Zac Goldsmith triggers the Richmond Park By-Election

Zac Goldsmith, the Conservative MP for Richmond Park and recent candidate for the office of London Mayor, has resigned his seat following the approved third runway at Heathrow Airport. He intends to stand in the subsequent by-election as an independent. The Prime Minister has decided to not field a Conservative candidate against him.

Liberal Democrat Prospects

The electoral history of Richmond Park (which I will outline below) indicates that the two frontrunners in this by-election will be Zac Goldsmith and the Liberal Democrat candidate (unless they too stand aside).

Does the Witney by-election indicate a Liberal Democrat win?

In the recent Witney by-election the Liberal Democrats achieved a 19.3% swing against the Conservatives. For them to win Richmond Park, they need a 19.5% swing. So a win is certainly within reach.

From a Liberal Democrat perspective this by-election could not be in a better constituency. Here is why:

1. Richmond Park has been a Liberal Democrat seat before.
2. Richmond-upon-Thames voted to remain in the European Union 69% to 31%. Since Zac Goldsmith supported a leave vote, the Liberal Democrats have a golden opportunity to attract these voters to their cause.

(But of course, by-elections often produce unpredictable results so at this stage it is all to play for.)
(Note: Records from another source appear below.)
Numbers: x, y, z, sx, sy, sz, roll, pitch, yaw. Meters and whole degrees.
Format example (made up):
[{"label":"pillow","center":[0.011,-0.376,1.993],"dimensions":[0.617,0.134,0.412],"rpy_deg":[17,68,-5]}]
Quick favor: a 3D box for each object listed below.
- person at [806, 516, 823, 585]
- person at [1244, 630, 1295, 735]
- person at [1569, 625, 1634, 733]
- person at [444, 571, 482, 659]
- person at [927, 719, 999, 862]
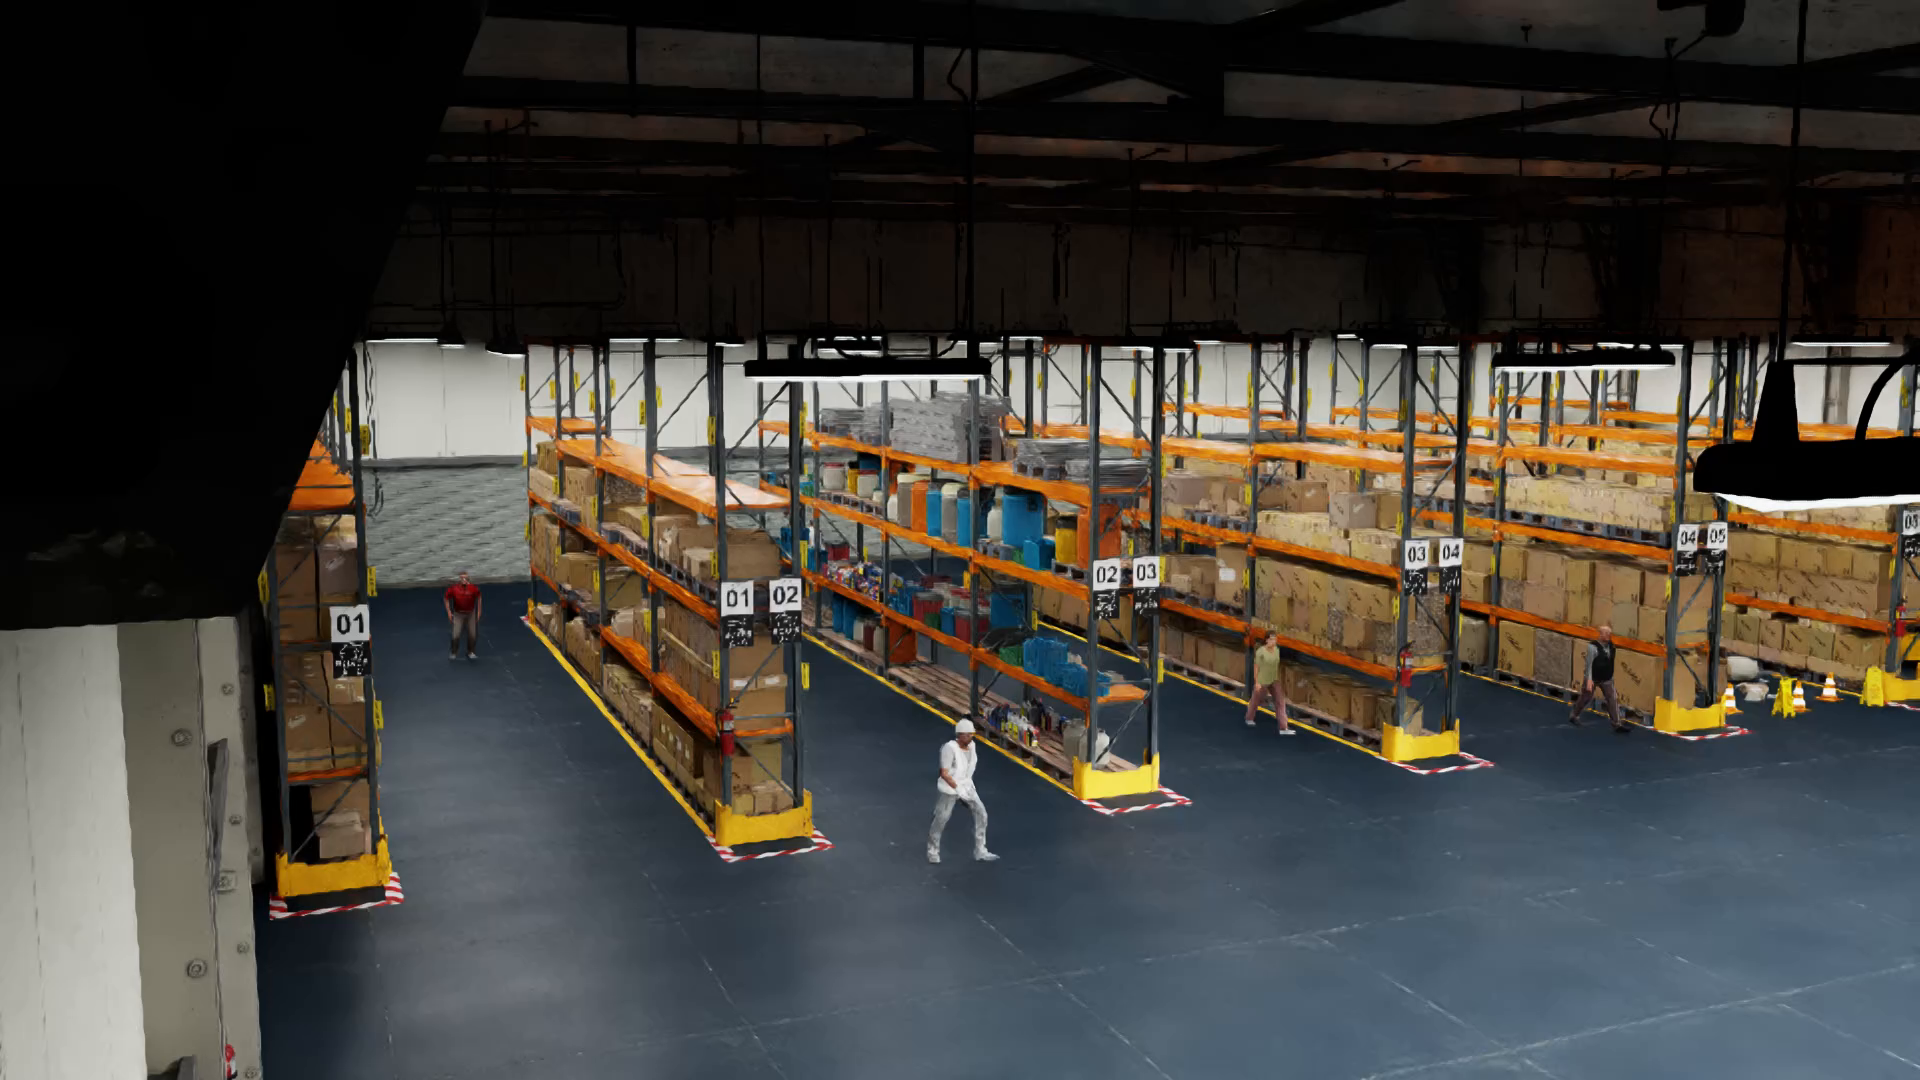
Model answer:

Richmond Park Electoral History

Before 1997

Richmond Park was created from the constituencies of "Richmond and Barnes" and "Kingston upon Thames". Both of these seats were held by Conservatives, although they both had a substantial Liberal vote. When Richmond and Barnes was created in 1983, the Liberals were only 74 votes behind the Conservatives. They fell back in 1987 and again in 1992.

After 1997

In 1997, Richmond Park was fought for the first time. Like many other Conservative-Liberal Democrat marginals in 1997, the Liberal Democrats benefited greatly from tactical voting which allowed them to defeat the Conservatives. They increased their majority in 2001, but it decreased slightly in 2005. The Conservatives gained the seat in 2010 when the Liberal Democrat share of the vote fell back slightly and the Conservative vote surged. In 2015, there was a 16% swing from the Liberal Democrats to the Conservatives who currently have a 23,000 majority.